▸ Task data
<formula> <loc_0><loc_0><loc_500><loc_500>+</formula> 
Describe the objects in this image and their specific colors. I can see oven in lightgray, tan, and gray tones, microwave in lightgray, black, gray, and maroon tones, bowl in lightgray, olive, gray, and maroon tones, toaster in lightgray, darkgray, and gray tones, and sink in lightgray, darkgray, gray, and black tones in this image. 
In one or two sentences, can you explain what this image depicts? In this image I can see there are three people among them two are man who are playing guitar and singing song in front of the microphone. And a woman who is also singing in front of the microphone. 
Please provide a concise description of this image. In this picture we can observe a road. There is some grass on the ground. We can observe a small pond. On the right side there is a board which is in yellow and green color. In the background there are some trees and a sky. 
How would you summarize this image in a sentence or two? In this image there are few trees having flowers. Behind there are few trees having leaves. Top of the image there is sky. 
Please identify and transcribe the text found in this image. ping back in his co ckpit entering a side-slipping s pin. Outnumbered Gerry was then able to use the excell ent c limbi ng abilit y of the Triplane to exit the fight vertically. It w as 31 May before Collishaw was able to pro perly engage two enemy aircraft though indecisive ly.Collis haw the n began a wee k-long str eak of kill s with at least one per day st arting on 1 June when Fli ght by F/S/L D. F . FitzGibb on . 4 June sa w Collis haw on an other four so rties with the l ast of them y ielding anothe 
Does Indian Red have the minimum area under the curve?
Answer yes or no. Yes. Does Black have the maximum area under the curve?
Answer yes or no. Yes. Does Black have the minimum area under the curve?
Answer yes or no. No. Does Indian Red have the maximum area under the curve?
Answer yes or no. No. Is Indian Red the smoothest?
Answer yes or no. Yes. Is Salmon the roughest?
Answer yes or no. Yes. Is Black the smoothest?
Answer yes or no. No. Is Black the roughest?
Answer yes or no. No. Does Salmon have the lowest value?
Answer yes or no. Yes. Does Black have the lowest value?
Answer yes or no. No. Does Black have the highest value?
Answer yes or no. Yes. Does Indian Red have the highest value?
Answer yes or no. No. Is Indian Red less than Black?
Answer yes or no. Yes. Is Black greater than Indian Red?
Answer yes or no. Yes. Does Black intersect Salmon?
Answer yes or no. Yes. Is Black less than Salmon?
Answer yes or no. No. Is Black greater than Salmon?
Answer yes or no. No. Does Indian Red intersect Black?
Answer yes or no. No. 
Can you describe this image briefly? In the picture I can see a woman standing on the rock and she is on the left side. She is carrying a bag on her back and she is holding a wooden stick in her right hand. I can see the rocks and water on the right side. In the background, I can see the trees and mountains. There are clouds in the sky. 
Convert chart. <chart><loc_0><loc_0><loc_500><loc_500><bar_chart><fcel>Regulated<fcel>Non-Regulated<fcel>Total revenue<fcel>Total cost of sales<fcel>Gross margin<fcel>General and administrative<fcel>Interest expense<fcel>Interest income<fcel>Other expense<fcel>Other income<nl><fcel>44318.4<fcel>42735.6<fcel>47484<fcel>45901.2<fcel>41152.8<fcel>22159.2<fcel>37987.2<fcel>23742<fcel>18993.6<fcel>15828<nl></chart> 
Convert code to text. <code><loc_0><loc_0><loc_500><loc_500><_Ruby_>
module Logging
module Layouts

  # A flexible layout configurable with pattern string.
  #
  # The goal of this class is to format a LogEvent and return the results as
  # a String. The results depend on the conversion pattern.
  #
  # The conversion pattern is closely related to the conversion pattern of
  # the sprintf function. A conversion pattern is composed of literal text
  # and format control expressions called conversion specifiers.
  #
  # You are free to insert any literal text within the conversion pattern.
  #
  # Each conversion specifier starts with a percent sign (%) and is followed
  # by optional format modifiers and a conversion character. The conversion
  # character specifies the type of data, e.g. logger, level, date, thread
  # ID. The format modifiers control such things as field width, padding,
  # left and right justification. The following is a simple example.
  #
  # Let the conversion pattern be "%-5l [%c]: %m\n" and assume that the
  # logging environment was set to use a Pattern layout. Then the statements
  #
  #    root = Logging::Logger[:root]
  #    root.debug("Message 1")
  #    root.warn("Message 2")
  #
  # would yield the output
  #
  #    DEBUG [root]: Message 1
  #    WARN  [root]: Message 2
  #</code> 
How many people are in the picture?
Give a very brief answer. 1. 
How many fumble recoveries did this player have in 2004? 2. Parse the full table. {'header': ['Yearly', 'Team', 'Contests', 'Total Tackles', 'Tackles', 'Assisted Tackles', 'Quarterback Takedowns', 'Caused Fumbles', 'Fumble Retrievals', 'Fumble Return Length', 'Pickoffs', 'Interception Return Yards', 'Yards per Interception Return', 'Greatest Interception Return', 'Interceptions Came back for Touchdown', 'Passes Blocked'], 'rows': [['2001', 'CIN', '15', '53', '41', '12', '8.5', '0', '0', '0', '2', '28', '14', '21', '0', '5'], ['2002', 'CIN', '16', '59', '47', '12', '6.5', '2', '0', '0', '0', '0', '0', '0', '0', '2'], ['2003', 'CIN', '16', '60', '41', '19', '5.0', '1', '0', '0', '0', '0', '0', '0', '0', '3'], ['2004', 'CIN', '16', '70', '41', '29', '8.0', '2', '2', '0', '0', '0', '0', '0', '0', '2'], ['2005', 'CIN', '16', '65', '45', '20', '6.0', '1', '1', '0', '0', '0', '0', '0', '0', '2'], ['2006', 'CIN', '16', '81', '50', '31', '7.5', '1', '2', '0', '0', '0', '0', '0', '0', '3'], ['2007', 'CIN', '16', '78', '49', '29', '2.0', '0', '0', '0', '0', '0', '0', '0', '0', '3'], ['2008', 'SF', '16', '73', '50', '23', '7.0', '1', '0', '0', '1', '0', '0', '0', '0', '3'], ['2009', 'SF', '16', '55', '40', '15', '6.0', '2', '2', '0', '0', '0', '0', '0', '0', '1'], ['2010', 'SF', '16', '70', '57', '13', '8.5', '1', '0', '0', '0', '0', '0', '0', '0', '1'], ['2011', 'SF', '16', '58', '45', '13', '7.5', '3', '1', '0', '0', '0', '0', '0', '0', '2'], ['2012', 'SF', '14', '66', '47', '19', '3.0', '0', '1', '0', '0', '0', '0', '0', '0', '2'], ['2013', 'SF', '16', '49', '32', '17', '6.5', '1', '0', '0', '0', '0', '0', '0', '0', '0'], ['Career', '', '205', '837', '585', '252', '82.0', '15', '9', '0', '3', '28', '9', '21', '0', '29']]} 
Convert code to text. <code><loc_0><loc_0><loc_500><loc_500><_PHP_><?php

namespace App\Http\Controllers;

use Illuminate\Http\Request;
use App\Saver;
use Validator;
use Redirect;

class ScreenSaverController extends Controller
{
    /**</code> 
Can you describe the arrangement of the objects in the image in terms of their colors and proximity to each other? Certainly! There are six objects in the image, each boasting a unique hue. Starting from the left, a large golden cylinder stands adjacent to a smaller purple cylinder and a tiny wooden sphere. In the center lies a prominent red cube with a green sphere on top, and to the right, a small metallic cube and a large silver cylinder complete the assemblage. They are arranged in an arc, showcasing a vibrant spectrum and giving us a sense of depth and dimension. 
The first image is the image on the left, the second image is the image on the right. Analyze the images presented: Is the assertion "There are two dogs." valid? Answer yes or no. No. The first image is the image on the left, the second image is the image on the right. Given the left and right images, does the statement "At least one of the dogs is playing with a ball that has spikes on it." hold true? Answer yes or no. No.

▸ Your objective
Nothing may be omitted or altered; reproduce all of the entries.

▸ Final answer
<formula> <loc_0><loc_0><loc_500><loc_500>+</formula> 
Describe the objects in this image and their specific colors. I can see oven in lightgray, tan, and gray tones, microwave in lightgray, black, gray, and maroon tones, bowl in lightgray, olive, gray, and maroon tones, toaster in lightgray, darkgray, and gray tones, and sink in lightgray, darkgray, gray, and black tones in this image. 
In one or two sentences, can you explain what this image depicts? In this image I can see there are three people among them two are man who are playing guitar and singing song in front of the microphone. And a woman who is also singing in front of the microphone. 
Please provide a concise description of this image. In this picture we can observe a road. There is some grass on the ground. We can observe a small pond. On the right side there is a board which is in yellow and green color. In the background there are some trees and a sky. 
How would you summarize this image in a sentence or two? In this image there are few trees having flowers. Behind there are few trees having leaves. Top of the image there is sky. 
Please identify and transcribe the text found in this image. ping back in his co ckpit entering a side-slipping s pin. Outnumbered Gerry was then able to use the excell ent c limbi ng abilit y of the Triplane to exit the fight vertically. It w as 31 May before Collishaw was able to pro perly engage two enemy aircraft though indecisive ly.Collis haw the n began a wee k-long str eak of kill s with at least one per day st arting on 1 June when Fli ght by F/S/L D. F . FitzGibb on . 4 June sa w Collis haw on an other four so rties with the l ast of them y ielding anothe 
Does Indian Red have the minimum area under the curve?
Answer yes or no. Yes. Does Black have the maximum area under the curve?
Answer yes or no. Yes. Does Black have the minimum area under the curve?
Answer yes or no. No. Does Indian Red have the maximum area under the curve?
Answer yes or no. No. Is Indian Red the smoothest?
Answer yes or no. Yes. Is Salmon the roughest?
Answer yes or no. Yes. Is Black the smoothest?
Answer yes or no. No. Is Black the roughest?
Answer yes or no. No. Does Salmon have the lowest value?
Answer yes or no. Yes. Does Black have the lowest value?
Answer yes or no. No. Does Black have the highest value?
Answer yes or no. Yes. Does Indian Red have the highest value?
Answer yes or no. No. Is Indian Red less than Black?
Answer yes or no. Yes. Is Black greater than Indian Red?
Answer yes or no. Yes. Does Black intersect Salmon?
Answer yes or no. Yes. Is Black less than Salmon?
Answer yes or no. No. Is Black greater than Salmon?
Answer yes or no. No. Does Indian Red intersect Black?
Answer yes or no. No. 
Can you describe this image briefly? In the picture I can see a woman standing on the rock and she is on the left side. She is carrying a bag on her back and she is holding a wooden stick in her right hand. I can see the rocks and water on the right side. In the background, I can see the trees and mountains. There are clouds in the sky. 
Convert chart. <chart><loc_0><loc_0><loc_500><loc_500><bar_chart><fcel>Regulated<fcel>Non-Regulated<fcel>Total revenue<fcel>Total cost of sales<fcel>Gross margin<fcel>General and administrative<fcel>Interest expense<fcel>Interest income<fcel>Other expense<fcel>Other income<nl><fcel>44318.4<fcel>42735.6<fcel>47484<fcel>45901.2<fcel>41152.8<fcel>22159.2<fcel>37987.2<fcel>23742<fcel>18993.6<fcel>15828<nl></chart> 
Convert code to text. <code><loc_0><loc_0><loc_500><loc_500><_Ruby_>
module Logging
module Layouts

  # A flexible layout configurable with pattern string.
  #
  # The goal of this class is to format a LogEvent and return the results as
  # a String. The results depend on the conversion pattern.
  #
  # The conversion pattern is closely related to the conversion pattern of
  # the sprintf function. A conversion pattern is composed of literal text
  # and format control expressions called conversion specifiers.
  #
  # You are free to insert any literal text within the conversion pattern.
  #
  # Each conversion specifier starts with a percent sign (%) and is followed
  # by optional format modifiers and a conversion character. The conversion
  # character specifies the type of data, e.g. logger, level, date, thread
  # ID. The format modifiers control such things as field width, padding,
  # left and right justification. The following is a simple example.
  #
  # Let the conversion pattern be "%-5l [%c]: %m\n" and assume that the
  # logging environment was set to use a Pattern layout. Then the statements
  #
  #    root = Logging::Logger[:root]
  #    root.debug("Message 1")
  #    root.warn("Message 2")
  #
  # would yield the output
  #
  #    DEBUG [root]: Message 1
  #    WARN  [root]: Message 2
  #</code> 
How many people are in the picture?
Give a very brief answer. 1. 
How many fumble recoveries did this player have in 2004? 2. Parse the full table. {'header': ['Yearly', 'Team', 'Contests', 'Total Tackles', 'Tackles', 'Assisted Tackles', 'Quarterback Takedowns', 'Caused Fumbles', 'Fumble Retrievals', 'Fumble Return Length', 'Pickoffs', 'Interception Return Yards', 'Yards per Interception Return', 'Greatest Interception Return', 'Interceptions Came back for Touchdown', 'Passes Blocked'], 'rows': [['2001', 'CIN', '15', '53', '41', '12', '8.5', '0', '0', '0', '2', '28', '14', '21', '0', '5'], ['2002', 'CIN', '16', '59', '47', '12', '6.5', '2', '0', '0', '0', '0', '0', '0', '0', '2'], ['2003', 'CIN', '16', '60', '41', '19', '5.0', '1', '0', '0', '0', '0', '0', '0', '0', '3'], ['2004', 'CIN', '16', '70', '41', '29', '8.0', '2', '2', '0', '0', '0', '0', '0', '0', '2'], ['2005', 'CIN', '16', '65', '45', '20', '6.0', '1', '1', '0', '0', '0', '0', '0', '0', '2'], ['2006', 'CIN', '16', '81', '50', '31', '7.5', '1', '2', '0', '0', '0', '0', '0', '0', '3'], ['2007', 'CIN', '16', '78', '49', '29', '2.0', '0', '0', '0', '0', '0', '0', '0', '0', '3'], ['2008', 'SF', '16', '73', '50', '23', '7.0', '1', '0', '0', '1', '0', '0', '0', '0', '3'], ['2009', 'SF', '16', '55', '40', '15', '6.0', '2', '2', '0', '0', '0', '0', '0', '0', '1'], ['2010', 'SF', '16', '70', '57', '13', '8.5', '1', '0', '0', '0', '0', '0', '0', '0', '1'], ['2011', 'SF', '16', '58', '45', '13', '7.5', '3', '1', '0', '0', '0', '0', '0', '0', '2'], ['2012', 'SF', '14', '66', '47', '19', '3.0', '0', '1', '0', '0', '0', '0', '0', '0', '2'], ['2013', 'SF', '16', '49', '32', '17', '6.5', '1', '0', '0', '0', '0', '0', '0', '0', '0'], ['Career', '', '205', '837', '585', '252', '82.0', '15', '9', '0', '3', '28', '9', '21', '0', '29']]} 
Convert code to text. <code><loc_0><loc_0><loc_500><loc_500><_PHP_><?php

namespace App\Http\Controllers;

use Illuminate\Http\Request;
use App\Saver;
use Validator;
use Redirect;

class ScreenSaverController extends Controller
{
    /**</code> 
Can you describe the arrangement of the objects in the image in terms of their colors and proximity to each other? Certainly! There are six objects in the image, each boasting a unique hue. Starting from the left, a large golden cylinder stands adjacent to a smaller purple cylinder and a tiny wooden sphere. In the center lies a prominent red cube with a green sphere on top, and to the right, a small metallic cube and a large silver cylinder complete the assemblage. They are arranged in an arc, showcasing a vibrant spectrum and giving us a sense of depth and dimension. 
The first image is the image on the left, the second image is the image on the right. Analyze the images presented: Is the assertion "There are two dogs." valid? Answer yes or no. No. The first image is the image on the left, the second image is the image on the right. Given the left and right images, does the statement "At least one of the dogs is playing with a ball that has spikes on it." hold true? Answer yes or no. No.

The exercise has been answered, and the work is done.